The TPS defines waste as any activity (or inactivity) that does not add value to the product. Value is defined from the customer’s perspective as any activity that the customer is willing to pay for as a part of the product. Assembling the product adds value; holding the product in inventory does not. Shipping product in exchange for payment adds value; the time spent processing that payment through Accounting does not.

Testing is used in manufacturing to detect defects.
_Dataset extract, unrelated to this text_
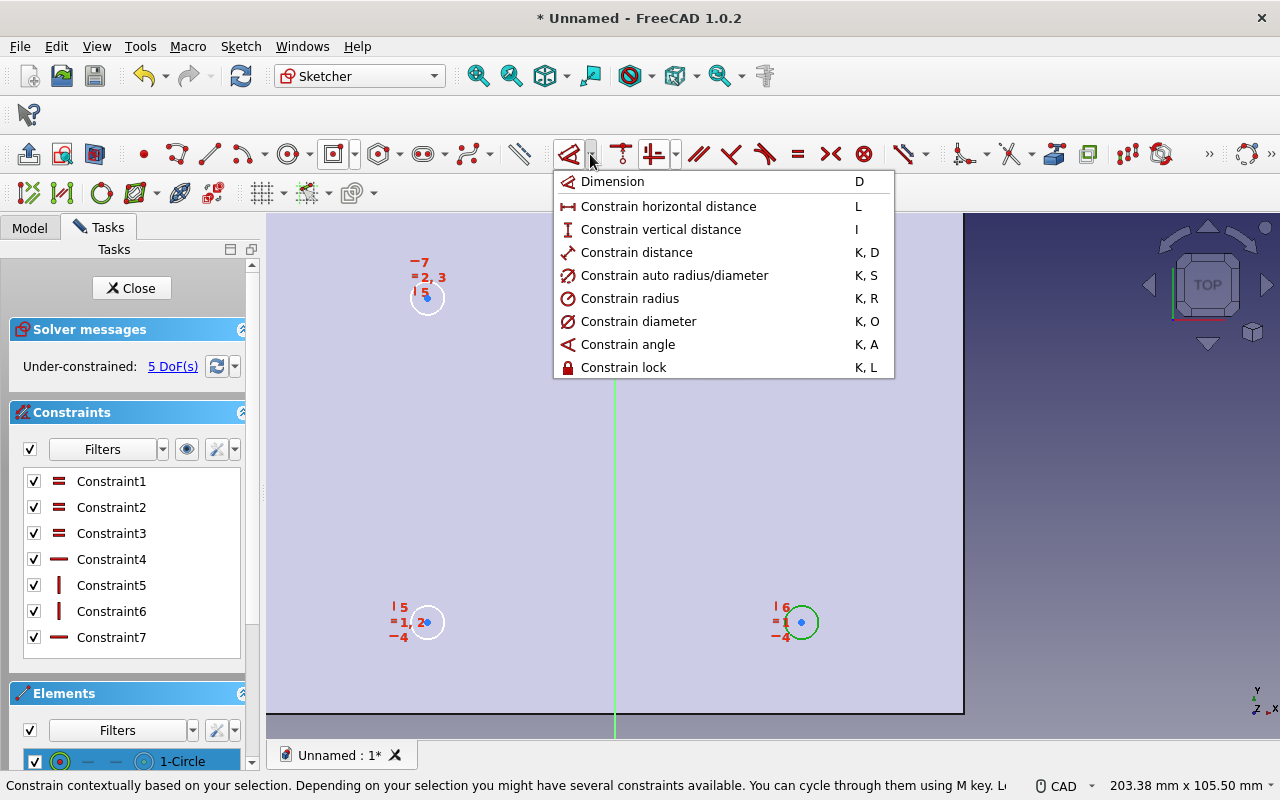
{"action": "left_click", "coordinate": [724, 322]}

The customer is willing to pay for a correctly-manufactured product; not for the rejects. From this perspective, testing is a waste, because it does nothing to add value to the product. In fact, all of product development should be considered waste, because product development does not produce any product (unless, of course, your product happens to be product designs for others to manufacture, as with Ideo).
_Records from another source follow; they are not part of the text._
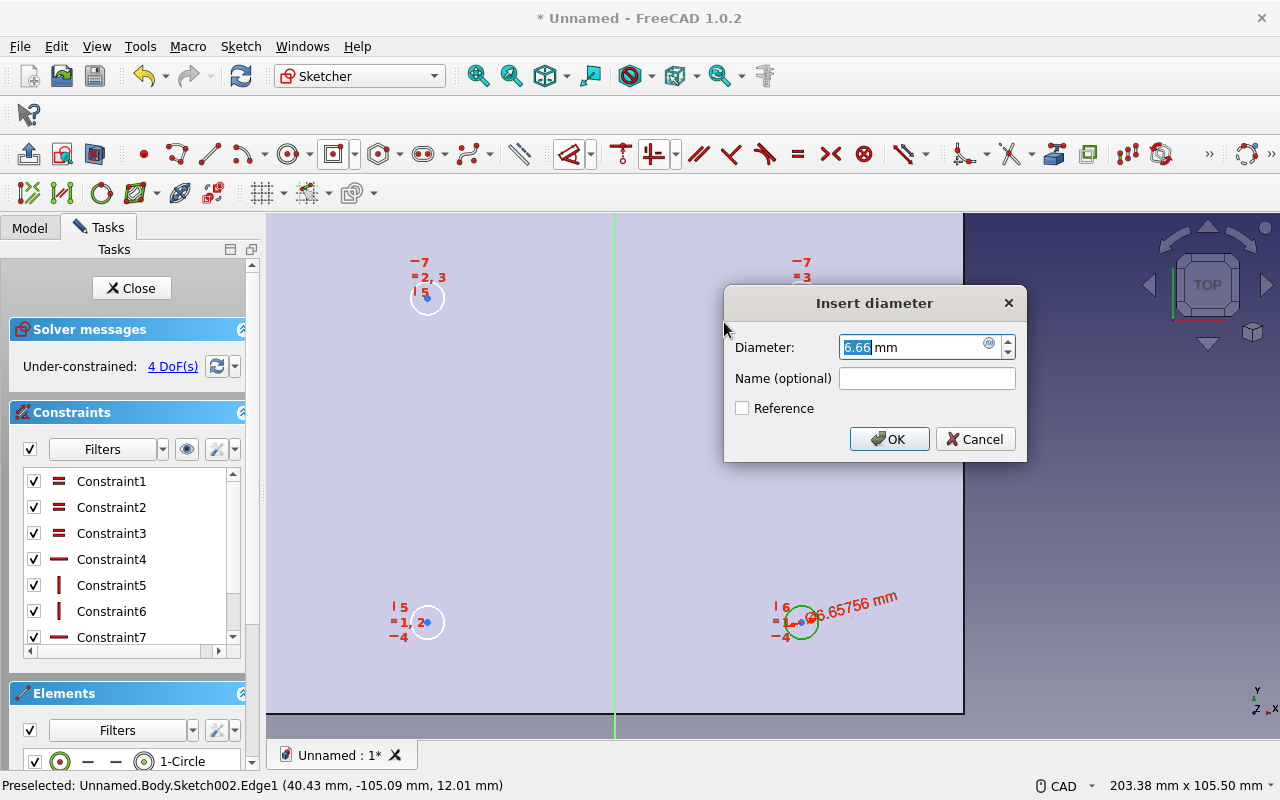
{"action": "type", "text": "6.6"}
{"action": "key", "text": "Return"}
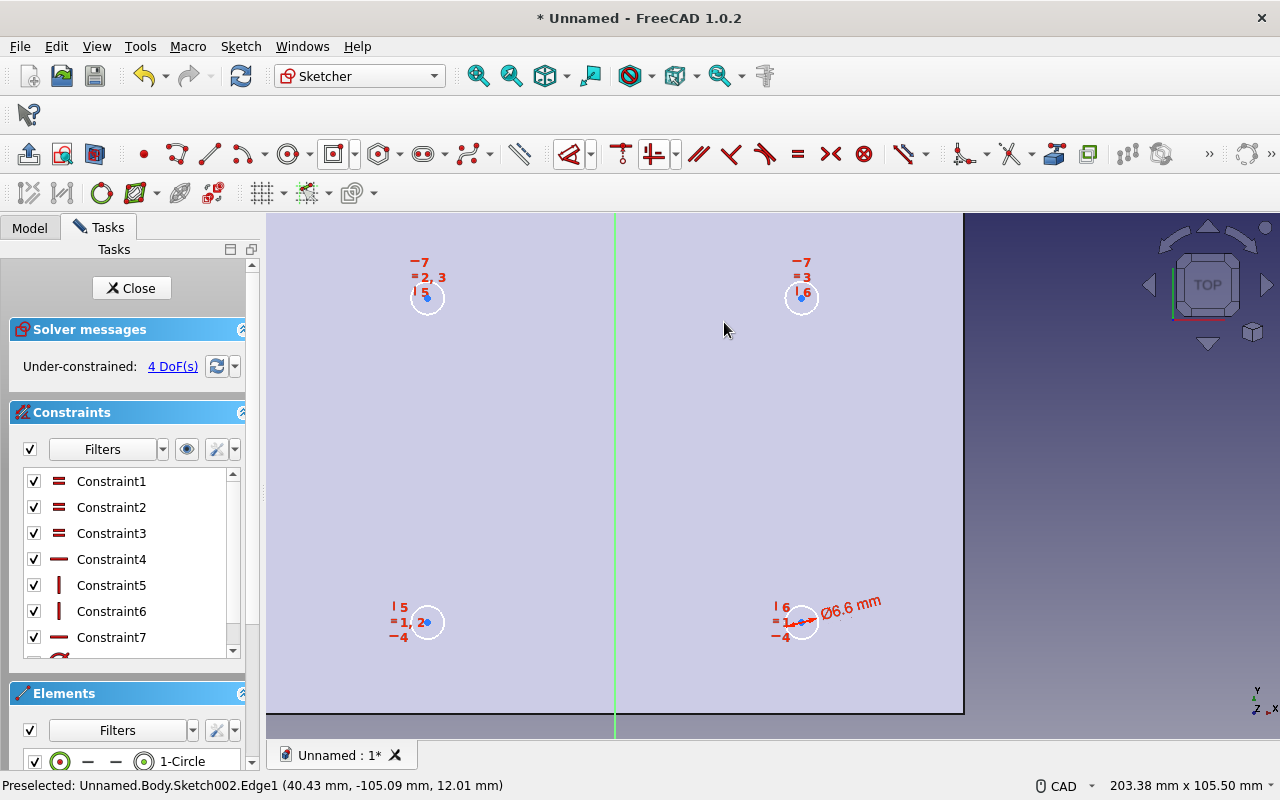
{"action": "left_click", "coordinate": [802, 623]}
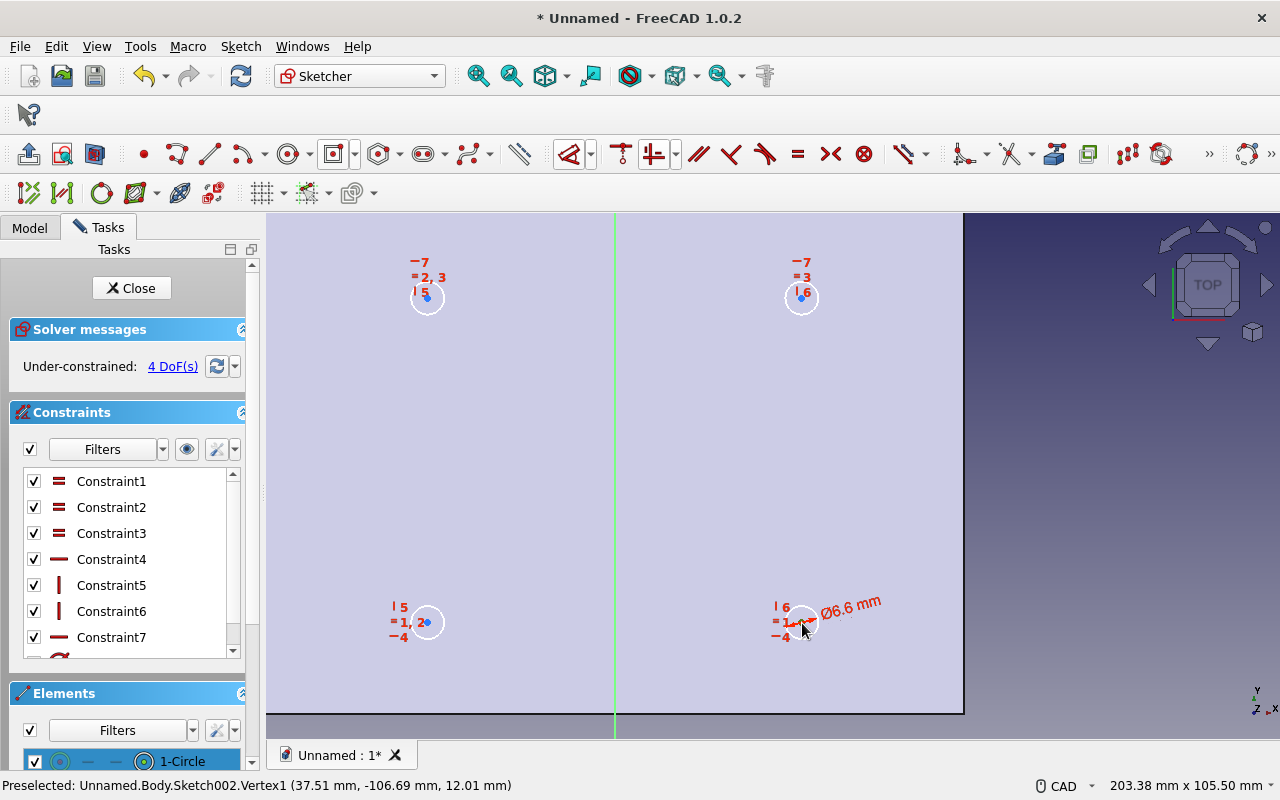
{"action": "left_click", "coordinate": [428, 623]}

However, in product development, testing can add value. In fact, testing is probably the only way to maximize value creation in product development.

Manufacturing is a highly repetitive activity, which takes as its input a product and process design and tooling, and produces as its output a physical product. The physical product generates revenue. Ideally, the product is manufactured exactly to specification, and there are no activities required that do not lead directly to the manufacture of the product. There is no uncertainty as to what the output should be. Waste, then, is any deviation from this ideal state. Economically, the assumption is that the product is designed to maximize revenue generation, and the process is designed to correctly manufacture the product. Since nothing is perfect, the TPS seeks to improve profit by eliminating or minimizing those activities that do not generate revenue.
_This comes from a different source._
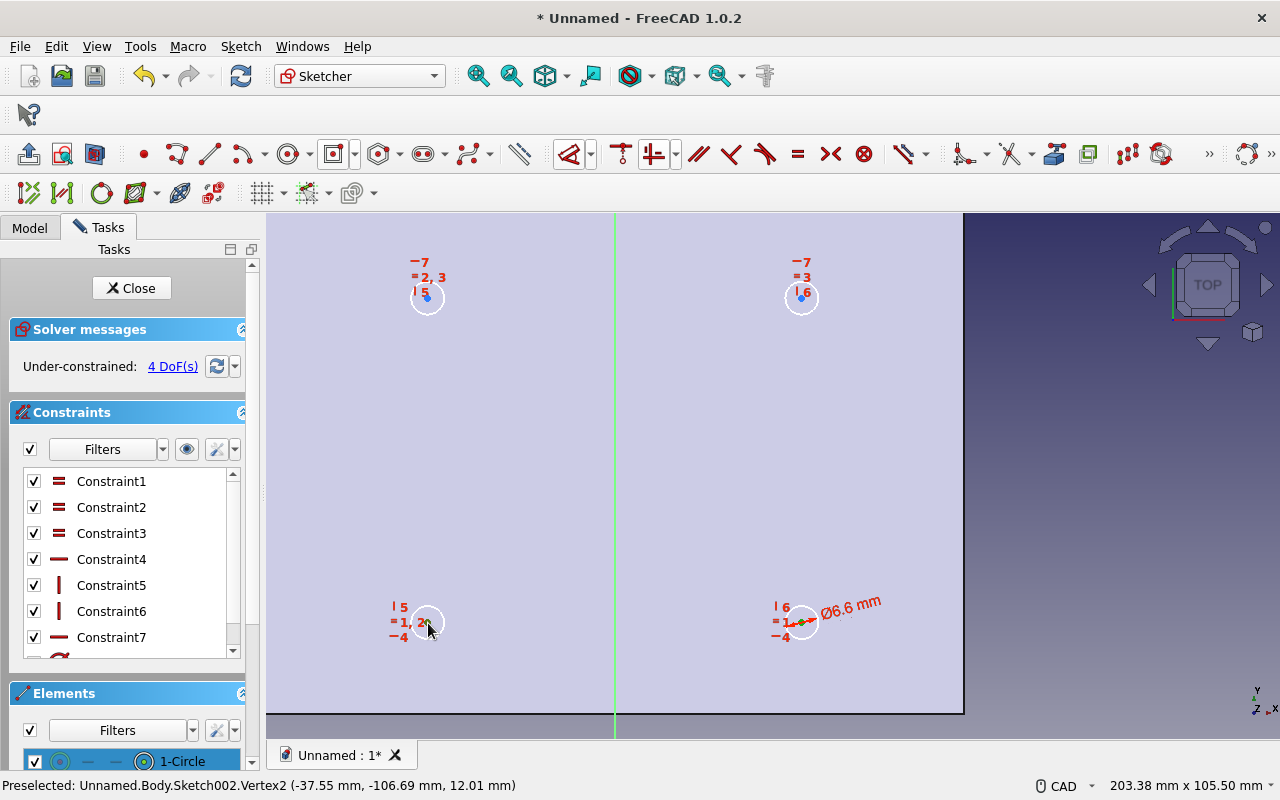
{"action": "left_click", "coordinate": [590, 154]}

In contrast, product development is a highly variable activity, with variable inputs. The goal of product development is not simply to produce product designs according to some predefined specification. If it was, then product development would be a simple exercise in transforming specifications into conforming drawings. In fact, product development operates under a high degree of uncertainty; from the start of the project, the desired outcome is not fully known. In order to overcome this uncertainty, product developers have to learn. They have to learn about the customer—the end user—and about the technology that they are working with. Value is created as the uncertainties are resolved. The goal of product development is to maximize the rate of learning, thereby maximizing the rate of value creation.

The best way to learn is through trial and error, following the scientific method of hypothesis testing. So testing not a waste if it generates new knowledge. Testing that does not generate new knowledge is a waste. If you generate data that you already had, you’re generating waste. If you generate data that you don’t use, you’re generating waste. If the organization learns something, then you’ve created value.

Notice that this definition of product development follows the same principle that is used in the TPS: do what creates (or produces) value; eliminate or minimize everything else. The details change in the presence of uncertainty about the desired outcome.

We can take this a step further, to develop a more sophisticated approach to managing product development projects, if we understand the economics of our project. The uncertainty that is reduced through testing is all technical risk that the product will not meet the market’s requirements. This means that testing translates into increased sales volumes. Testing in product development adds time, which means a later entry into the market and possibly reduced sales volumes. If we have some estimate of what the cost of delay and the cost of risk are, we can then perform a cost-benefit analysis on the proposed testing to determine whether or not it results in a net creation of value.

Such economic models do not have to be complex, and they do not have to be highly accurate. They need to be just accurate enough that they do not lead to very bad decisions and they must be usable. This suggests, as Reinertsen has advocated, that new product development projects should develop economic models as early as possible and derive decision rules that project managers and lead engineers can use on a daily basis.